# Offline Engine API

SGLang provides a direct inference engine without the need for an HTTP server, especially for use cases where additional HTTP server adds unnecessary complexity or overhead. Here are two general use cases:

- Offline Batch Inference
- Custom Server on Top of the Engine

This document focuses on the offline batch inference, demonstrating four different inference modes:

- Non-streaming synchronous generation
- Streaming synchronous generation
- Non-streaming asynchronous generation
- Streaming asynchronous generation

Additionally, you can easily build a custom server on top of the SGLang offline engine.

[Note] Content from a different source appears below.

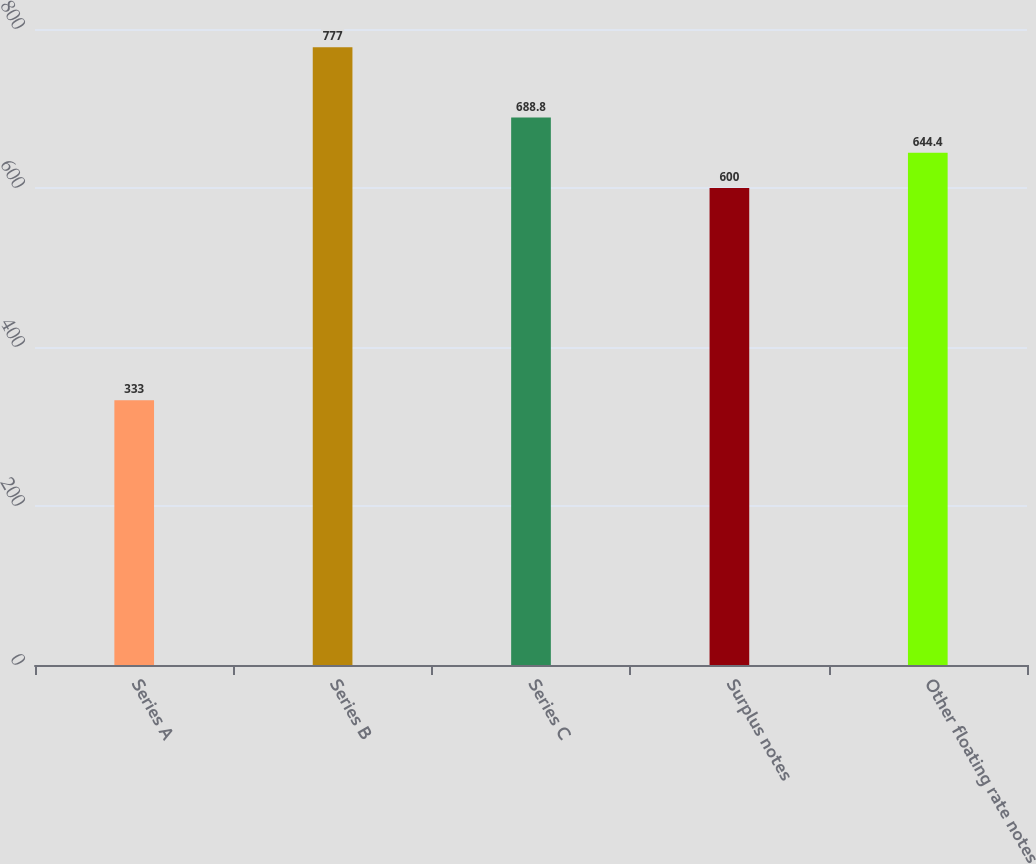<chart> <loc_0><loc_0><loc_500><loc_500><bar_chart><fcel>Series A<fcel>Series B<fcel>Series C<fcel>Surplus notes<fcel>Other floating rate notes<nl><fcel>333<fcel>777<fcel>688.8<fcel>600<fcel>644.4<nl></chart>

A detailed example working in a python script can be found in [custom_server](https://github.com/sgl-project/sglang/blob/main/examples/runtime/engine/custom_server.py).



## Advanced Usage

The engine supports [vlm inference](https://github.com/sgl-project/sglang/blob/main/examples/runtime/engine/offline_batch_inference_vlm.py) as well as [extracting hidden states](https://github.com/sgl-project/sglang/blob/main/examples/runtime/hidden_states). 

Please see [the examples](https://github.com/sgl-project/sglang/tree/main/examples/runtime/engine) for further use cases.

## Offline Batch Inference

SGLang offline engine supports batch inference with efficient scheduling.

In [1]:
# launch the offline engine
import asyncio
import io
import os

from PIL import Image
import requests
import sglang as sgl

from sglang.srt.conversation import chat_templates
from sglang.test.test_utils import is_in_ci
from sglang.utils import async_stream_and_merge, stream_and_merge

if is_in_ci():
    import patch


llm = sgl.Engine(model_path="meta-llama/Meta-Llama-3.1-8B-Instruct")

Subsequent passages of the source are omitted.